Quick overview#

Here we illustrate the key concepts used in ValEnsPy.

Components#

Valenspy consists of three main components: - Input: Gathering raw data, loading it and transforming it to ValEnsPy complaint xarray DataSet or DataTree with uniform naming conventions. - Processing: User dependent processing steps, e.g. regridding, masking, etc. - Diagnostics: The computation and visualization of the diagnostics.

The main data structures used in ValEnsPy are xarray DataSets and DataTrees. In particular, the new xarray DataTree structure is used to manage (multiple) ensembles of gridded models and observations. The image below illustrates the main components of ValEnsPy and how they interact with each other.

Input#

The input component is responsible for gathering the raw data, loading it and transforming it to ValEnsPy complaint xarray DataSet or DataTree with uniform naming conventions.

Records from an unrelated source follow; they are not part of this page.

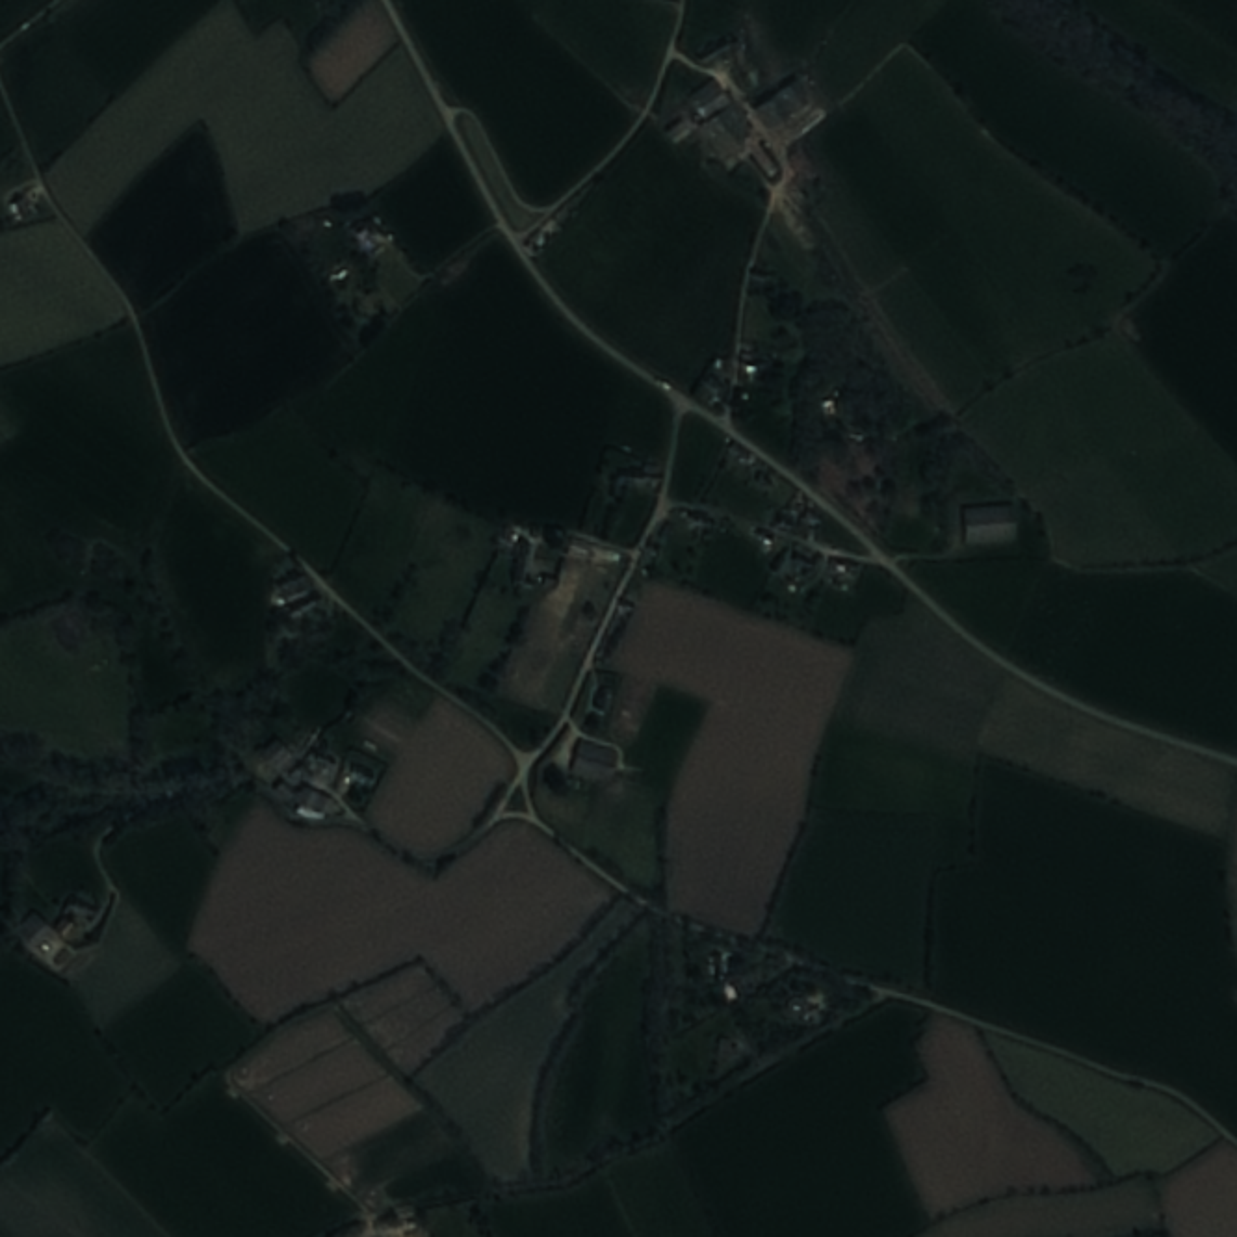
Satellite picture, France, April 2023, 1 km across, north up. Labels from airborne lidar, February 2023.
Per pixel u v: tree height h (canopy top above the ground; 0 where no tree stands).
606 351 0
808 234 0
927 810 0
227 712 12
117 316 0
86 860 0
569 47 0
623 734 0
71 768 12
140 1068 0
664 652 0
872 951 0
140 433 0
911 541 0
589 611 8
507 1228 0
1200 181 0
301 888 0
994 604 0
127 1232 0
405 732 0
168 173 0
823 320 10
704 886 0
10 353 0
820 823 0
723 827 0
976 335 0
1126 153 0
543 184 0
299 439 0
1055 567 0
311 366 0
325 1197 0
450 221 0
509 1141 0
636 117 0
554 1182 8
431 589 0
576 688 0
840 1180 0
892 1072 0
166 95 0
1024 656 0
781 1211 0
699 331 0
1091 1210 0
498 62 0
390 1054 0
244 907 0
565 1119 0
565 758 0
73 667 0
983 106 0
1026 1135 0
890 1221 0
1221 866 0
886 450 13
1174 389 0
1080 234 0
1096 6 0
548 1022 0
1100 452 0
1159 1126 0
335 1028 0
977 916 0
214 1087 0
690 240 0
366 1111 0
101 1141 0
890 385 11
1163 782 0
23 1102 0
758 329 0
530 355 0
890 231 0
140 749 17
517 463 0
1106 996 0
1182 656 0
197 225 0
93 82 0
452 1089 0
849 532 0
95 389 0
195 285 0
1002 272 0
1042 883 0
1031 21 20
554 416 0
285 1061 0
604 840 0
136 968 0
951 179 0
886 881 0
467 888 0
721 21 0
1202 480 0
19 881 14
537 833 0
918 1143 0
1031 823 0
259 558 0
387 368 0
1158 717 0
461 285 0
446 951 0
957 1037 0
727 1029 0
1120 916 0
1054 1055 0
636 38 0
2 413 0
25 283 0
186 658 8
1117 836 0
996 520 0
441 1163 0
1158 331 0
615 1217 0
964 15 0
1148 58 9
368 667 6
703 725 0
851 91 0
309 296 0
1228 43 0
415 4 0
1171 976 0
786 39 0
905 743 0
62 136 0
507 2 0
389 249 0
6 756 17
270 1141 0
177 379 0
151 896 0
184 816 7
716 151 0
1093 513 0
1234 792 0
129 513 0
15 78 0
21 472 0
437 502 9
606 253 0
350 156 0
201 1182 0
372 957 0
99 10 0
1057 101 0
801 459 11
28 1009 0
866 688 0
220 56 0
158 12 0
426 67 0
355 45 0
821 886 0
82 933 0
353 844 0
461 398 0
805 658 0
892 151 0
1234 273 0
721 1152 0
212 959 0
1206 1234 0
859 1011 10
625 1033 0
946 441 8
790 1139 0
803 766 0
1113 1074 0
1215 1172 0
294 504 0
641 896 9
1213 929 0
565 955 7
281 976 0
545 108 0
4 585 0
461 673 0
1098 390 0
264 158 0
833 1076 0
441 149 0
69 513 0
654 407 0
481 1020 8
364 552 0
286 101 0
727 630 0
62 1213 0
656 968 12
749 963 10
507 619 0
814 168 0
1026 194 0
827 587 0
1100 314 0
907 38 0
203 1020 0
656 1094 14
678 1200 0
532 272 0
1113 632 0
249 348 0
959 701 0
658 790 0
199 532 0
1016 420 0
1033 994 0
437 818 0
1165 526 0
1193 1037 0
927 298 0
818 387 9
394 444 0
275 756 0
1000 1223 0
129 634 12
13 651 0
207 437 0
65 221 0
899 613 0
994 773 0
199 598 0
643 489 0
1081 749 0
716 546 0
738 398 7
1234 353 0
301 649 9
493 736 0
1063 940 0
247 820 0
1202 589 0

The latter is done by the InputConvertors class, which is essentially a dataset specific pre-processing function applied when loading the data. It essentially consists of:

A dictionary to map the raw data variables to the CMIP6-CORDEX variable names.
If required, a dataset specific function to transform the raw data to the ValEnsPy compliant format.

For standard datasets, ValEnsPy has built in input processors but users can also easily define their own input processors.

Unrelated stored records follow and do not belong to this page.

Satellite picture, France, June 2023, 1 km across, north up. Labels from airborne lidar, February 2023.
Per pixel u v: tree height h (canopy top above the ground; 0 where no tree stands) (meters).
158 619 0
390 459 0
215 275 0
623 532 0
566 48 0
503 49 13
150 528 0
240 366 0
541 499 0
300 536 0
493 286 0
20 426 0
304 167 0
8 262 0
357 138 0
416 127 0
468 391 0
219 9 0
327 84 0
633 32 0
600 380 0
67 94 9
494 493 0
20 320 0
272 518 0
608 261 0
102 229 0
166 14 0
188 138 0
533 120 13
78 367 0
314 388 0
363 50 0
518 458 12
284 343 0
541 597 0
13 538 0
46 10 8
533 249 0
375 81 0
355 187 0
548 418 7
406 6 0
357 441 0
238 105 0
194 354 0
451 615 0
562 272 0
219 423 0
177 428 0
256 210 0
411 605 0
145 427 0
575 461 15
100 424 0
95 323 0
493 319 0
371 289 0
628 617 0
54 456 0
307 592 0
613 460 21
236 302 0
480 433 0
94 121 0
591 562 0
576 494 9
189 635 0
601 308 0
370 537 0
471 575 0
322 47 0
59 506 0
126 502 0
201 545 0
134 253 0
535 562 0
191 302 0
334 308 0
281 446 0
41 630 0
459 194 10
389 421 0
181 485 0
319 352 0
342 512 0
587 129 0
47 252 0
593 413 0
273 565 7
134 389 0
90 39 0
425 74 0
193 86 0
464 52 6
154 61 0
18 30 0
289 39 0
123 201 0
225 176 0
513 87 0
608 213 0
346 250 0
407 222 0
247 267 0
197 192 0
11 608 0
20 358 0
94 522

Gathering and loading the data is done by the Manager class, which creates a catalog of all available datasets and utilizes the intake-esm to make that data searchable and loadable. The creation of the catalog is semi-automatic, i.e. only the base directory and a pattern for the files need to be specified. On shared shared machines this could only have to be done once after which the catalog can be used by all users. The catalog is stored in a yaml file and can be easily shared with others. The catalog is then used to load the data into xarray DataSets or DataTrees. When loading the data, the Manager class also applies a set of pre-processing steps to each respective dataset through the aformentioned InputConvertors.

Processing#

The processing component enables users to apply the required processing steps to the data. These are a combination of simple xarray operations time selection, masking and more complex operations like regridding and calculating indicators. Where required ValEnsPy extends existing processing functionality in particular to support the new xarray DataTree structure.

Diagnostics#

Finally, the diagnostics are used to compute and visualize the results. Each diagnostic represents a diagnsotic function and at least one plot. Diagnostics are categorized into 4 groups, each with slightly different scope and functionality:

Single model diagnostics (Model2Self): Compute and visualize aspects of a single model. e.g: spatial average of a variable.
Single model to reference diagnostics (Model2Ref): Compute and visualize aspects of a single model compared to a reference dataset. e.g: is the average spatial bias of a variable.
Multi-model diagnostics (Model2Model): These diagnostics compute and visualize aspects of an whole ensemble of models. e.g: The “most extreme” model in the ensemble with respect to some variables.
Multi-model to reference diagnostics (Model2Ref): These diagnostics compute and visualize aspects of an whole ensemble of models compared to a reference dataset. e.g: The spread of the bias of the ensemble.

The diagnostics functions are applied on the xarray DataSets or DataTrees resulting in some form of output (pandas DataFrame, xarray DataSet or DataTree, dictionary, etc.) which can be saved or visualized with the diagnostic plot functions.

Within ValEnsPy there are some prexisting diagnostics, but users can also define their own diagnostics.